4.5 Misleading Group-wise Models

Group-wise models appear very widely, and are generally simple to explain to others and to calculate, but this does not mean they serve the purposes for which they are intended. To illustrate, consider a study done in the early 1970s in Whickham, UK, that examined the health consequences of smoking. (Appleton, French, and MPJ 1996) The method of the study was simple: interview women to find out who smokes and who doesn’t. Then, 20 years later, follow-up to find out who is still living.

Examining the data Whickham shows that, after 20 years, 945 women in the study were still alive out of 1315 total: a proportion of 72% . Breaking this proportion into group-wise into smokers and non-smokers gives

  • Non-smokers: 68.6% were still alive.
  • Smokers: 76.1% were still alive.

Before drawing any conclusions, you should know what is the precision of those estimates. Using techniques to be introduced in the next chapter, you can calculate a 95% confidence interval on each proportion:

  • Non-smokers: 68.6 ± 3.3% were still alive.
  • Smokers: 76.1 ± 3.7% were still alive.

The 95% confidence interval on the difference in proportions is 7.5 ± 5.0 percentage points. That is, the data say that smokers were more likely than non-smokers to have stayed alive through the 20-year follow up period.

Perhaps you are surprised by this. You should be. Smoking is convincingly established to increase the risk of dying (as well as causing other health problems such as emphysema).

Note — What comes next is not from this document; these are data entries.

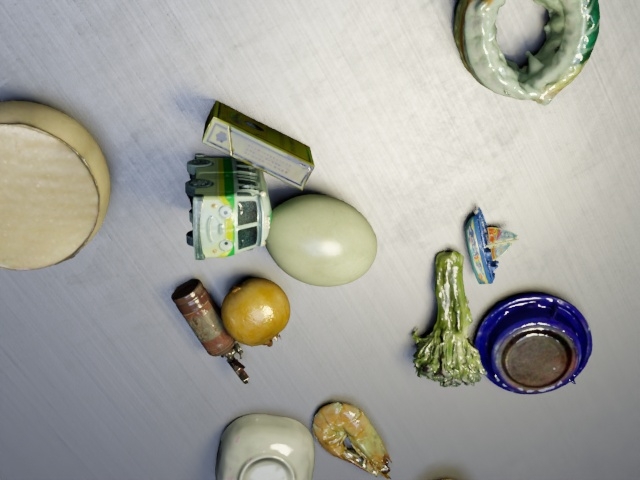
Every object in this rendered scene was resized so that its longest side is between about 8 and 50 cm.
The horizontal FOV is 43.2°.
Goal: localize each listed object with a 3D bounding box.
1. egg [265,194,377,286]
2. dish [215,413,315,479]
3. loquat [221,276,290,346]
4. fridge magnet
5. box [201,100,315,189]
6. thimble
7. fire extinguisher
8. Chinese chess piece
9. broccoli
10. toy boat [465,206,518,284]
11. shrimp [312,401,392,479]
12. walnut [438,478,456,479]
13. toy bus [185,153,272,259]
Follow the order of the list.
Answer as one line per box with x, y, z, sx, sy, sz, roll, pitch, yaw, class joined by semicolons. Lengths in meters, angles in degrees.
0.000;0.000;1.661;0.253;0.186;0.187;14;112;-27;egg
-0.127;0.539;1.890;0.256;0.117;0.256;-1;99;-7;dish
-0.139;0.155;1.745;0.163;0.137;0.163;-4;103;-16;loquat
0.485;0.244;1.842;0.265;0.113;0.266;2;114;4;fridge magnet
-0.123;-0.190;1.601;0.219;0.141;0.064;24;109;-13;box
0.390;-0.404;1.539;0.254;0.167;0.288;-13;112;2;thimble
-0.235;0.211;1.777;0.075;0.106;0.252;-26;112;5;fire extinguisher
-0.586;-0.103;1.587;0.337;0.140;0.338;-4;118;-7;Chinese chess piece
0.286;0.173;1.791;0.164;0.145;0.304;0;96;3;broccoli
0.374;0.005;1.749;0.110;0.091;0.175;-12;109;21;toy boat
0.084;0.493;1.946;0.145;0.061;0.267;-34;114;19;shrimp
0.310;0.670;1.988;0.155;0.155;0.184;27;105;-15;walnut
-0.180;-0.072;1.576;0.164;0.276;0.134;-2;113;-8;toy bus
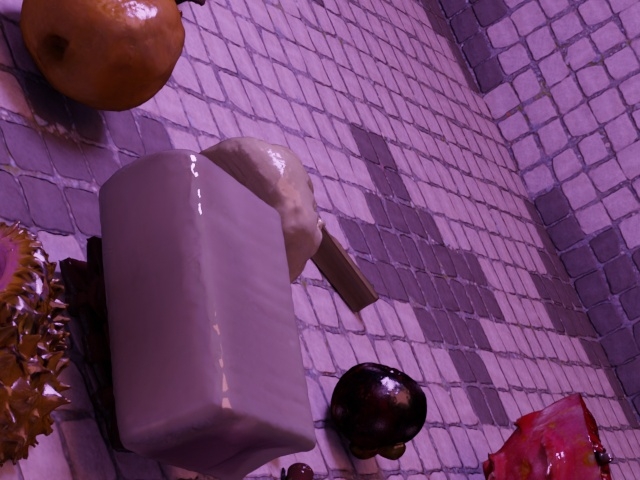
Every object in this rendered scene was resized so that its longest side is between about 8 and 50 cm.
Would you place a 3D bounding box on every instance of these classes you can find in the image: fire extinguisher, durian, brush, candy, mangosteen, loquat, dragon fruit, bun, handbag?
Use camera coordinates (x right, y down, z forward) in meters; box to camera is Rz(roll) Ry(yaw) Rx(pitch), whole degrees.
[{"bbox_3d":[-0.033,0.347,1.866,0.056,0.039,0.132,21,32,-6],"label":"fire extinguisher"},{"bbox_3d":[-0.314,0.105,1.467,0.191,0.112,0.341,50,21,-18],"label":"durian"},{"bbox_3d":[0.000,0.000,2.364,0.282,0.054,0.048,52,14,-19],"label":"brush"},{"bbox_3d":[-0.132,0.087,1.638,0.208,0.145,0.359,31,41,-47],"label":"candy"},{"bbox_3d":[0.084,0.258,2.112,0.152,0.152,0.152,47,25,-30],"label":"mangosteen"},{"bbox_3d":[-0.295,-0.282,1.901,0.238,0.193,0.238,22,41,-21],"label":"loquat"},{"bbox_3d":[0.402,0.460,2.409,0.371,0.249,0.386,58,19,-51],"label":"dragon fruit"},{"bbox_3d":[-0.092,-0.030,1.974,0.145,0.229,0.229,-5,66,-52],"label":"bun"},{"bbox_3d":[-0.190,0.139,1.745,0.275,0.084,0.260,21,46,-56],"label":"handbag"}]

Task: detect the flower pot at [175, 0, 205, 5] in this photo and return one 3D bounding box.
[{"bbox_3d":[-0.267,-0.475,2.349,0.179,0.084,0.251,49,25,-27],"label":"flower pot"}]

The problem isn’t with the data. The problem is with the group-wise approach to modeling. Comparing the smokers and non-smokers in terms of mortality doesn’t take into account the other differences between those groups. For instance, at the time the study was done, many of the older women involved had grown up at a time when smoking was uncommon among women. In contrast, the younger women were more likely to smoke. You can see this in the different ages of the two groups:

  • Among non-smokers the average age is 48.7 ± 1.3.
  • Among smokers the average age is 44.7 ± 1.4.

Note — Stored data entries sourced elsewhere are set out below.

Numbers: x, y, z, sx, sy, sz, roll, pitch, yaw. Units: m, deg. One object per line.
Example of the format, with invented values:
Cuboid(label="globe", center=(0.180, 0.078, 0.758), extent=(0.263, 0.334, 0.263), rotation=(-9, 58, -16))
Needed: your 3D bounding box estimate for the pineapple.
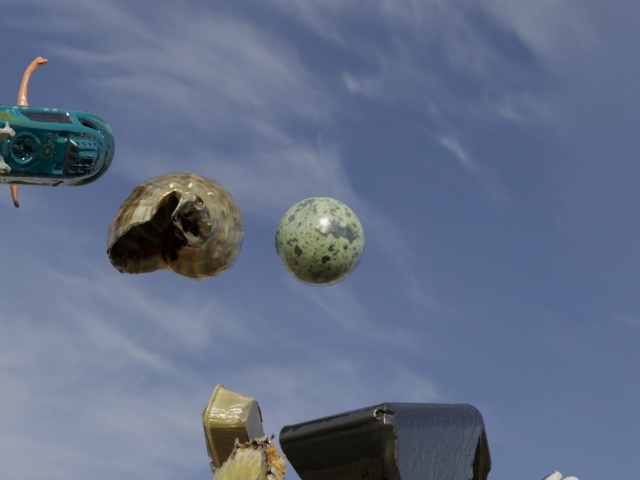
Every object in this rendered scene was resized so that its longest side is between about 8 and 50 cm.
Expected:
Cuboid(label="pineapple", center=(-0.105, 0.337, 1.310), extent=(0.047, 0.221, 0.221), rotation=(30, -49, -22))

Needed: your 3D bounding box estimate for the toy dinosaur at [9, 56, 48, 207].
Cuboid(label="toy dinosaur", center=(-0.485, -0.188, 1.785), extent=(0.101, 0.280, 0.055), rotation=(10, -27, 4))

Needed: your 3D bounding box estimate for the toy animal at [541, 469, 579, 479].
Cuboid(label="toy animal", center=(0.452, 0.465, 1.917), extent=(0.124, 0.085, 0.071), rotation=(-14, -85, 59))

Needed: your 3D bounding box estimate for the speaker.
Cuboid(label="speaker", center=(0.121, 0.339, 1.523), extent=(0.180, 0.184, 0.388), rotation=(-18, -18, 27))

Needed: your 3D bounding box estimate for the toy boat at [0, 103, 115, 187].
Cuboid(label="toy boat", center=(-0.430, -0.140, 1.677), extent=(0.092, 0.298, 0.134), rotation=(21, -76, 34))

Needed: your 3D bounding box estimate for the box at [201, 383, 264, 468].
Cuboid(label="box", center=(-0.155, 0.331, 1.799), extent=(0.111, 0.111, 0.177), rotation=(-1, -53, 10))

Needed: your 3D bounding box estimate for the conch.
Cuboid(label="conch", center=(-0.233, -0.038, 1.692), extent=(0.210, 0.159, 0.291), rotation=(-4, -27, 2))

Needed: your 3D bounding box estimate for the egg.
Cuboid(label="egg", center=(0.000, 0.000, 1.555), extent=(0.132, 0.172, 0.132), rotation=(1, -79, 4))
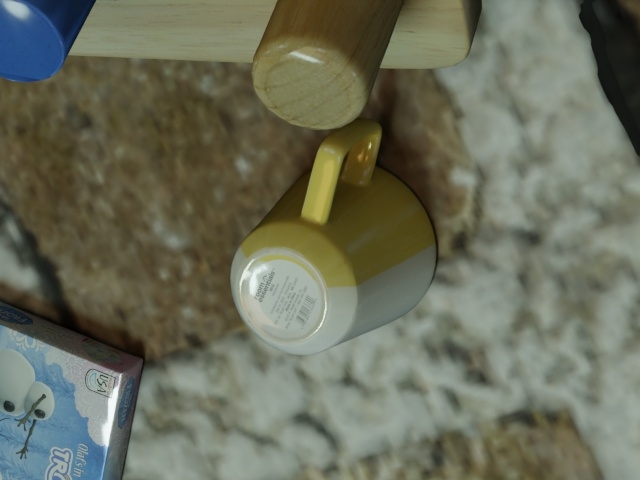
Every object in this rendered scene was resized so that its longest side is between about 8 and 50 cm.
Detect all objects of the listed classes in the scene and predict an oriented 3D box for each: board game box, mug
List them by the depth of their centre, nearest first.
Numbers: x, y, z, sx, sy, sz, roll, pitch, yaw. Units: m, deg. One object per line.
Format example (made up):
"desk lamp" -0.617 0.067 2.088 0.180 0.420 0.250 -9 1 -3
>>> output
"mug" -0.002 0.003 0.653 0.062 0.064 0.078 -13 101 29
"board game box" -0.121 0.074 0.757 0.090 0.020 0.090 20 114 17

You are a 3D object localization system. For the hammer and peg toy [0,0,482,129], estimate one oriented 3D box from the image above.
"hammer and peg toy" -0.140 -0.153 0.571 0.361 0.127 0.266 3 139 19
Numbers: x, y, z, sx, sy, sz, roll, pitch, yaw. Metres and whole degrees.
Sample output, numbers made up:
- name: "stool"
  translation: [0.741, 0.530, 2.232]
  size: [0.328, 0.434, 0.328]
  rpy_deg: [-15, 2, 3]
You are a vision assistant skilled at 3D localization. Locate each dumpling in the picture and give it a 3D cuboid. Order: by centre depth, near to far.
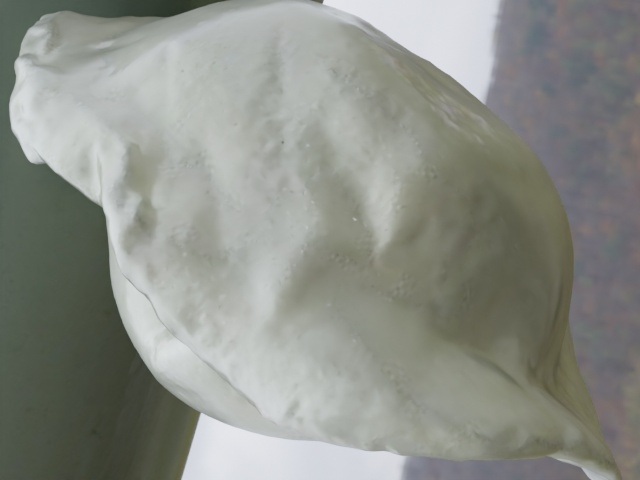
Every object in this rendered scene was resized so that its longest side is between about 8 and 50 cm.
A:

You might think that the difference of four years in average ages is too small to matter. But it does, and you can see the difference when you use modeling techniques to incorporate both age and smoking status as explaining mortality.

Since age is related to smoking, the question the group-wise model asks is, effectively, “Are younger smokers different in survival than older non-smokers?” This is probably not the question you want to ask. Instead, a meaningful question would be, “Holding other factors constant, are smokers different in survival than non-smokers?”

You will often see news reports or political claims that attempt to account for or dismiss differences by appealing to “other factors.” This is a valuable form of argument, but it ought to be supported by quantitative evidence, not just an intuitive sense of “small” or “big.” The modeling techniques introduced in the following chapters enable you to do consider multiple factors in a quantitative way.

A relatively simple modeling method called stratification can illustrate how this is possible.

Rather than simply dividing the Whickham data into groups of smokers and non-smokers, divide it as well into groups by age. Table 4.3 shows survival percentages done this way:

Table 4.3: Survival of smokers and of non-smokers by age group.
smoker [18,30) [30,40) [40,54) [54,64) [64,80)
No 0.980 0.957 0.886 0.664 0.225
Yes 0.973 0.960 0.797 0.570 0.255

Within each age group, smokers are less likely than non-smokers to have been alive at the 20-year follow-up, especially in the older groups. By comparing people of similar ages – stratifying or disaggregating the data by age – the model is effectively “holding age constant.”

You may rightly wonder whether the specific choice of age groups plays a role in the results. You also might wonder whether it’s possible to extend the approach to more than one stratifying variable, for instance, not just smoking status but overall health status. The following chapters will introduce modeling techniques that let you avoid having to divide variables like age into discrete groups and that allow you to include multiple stratifying variables.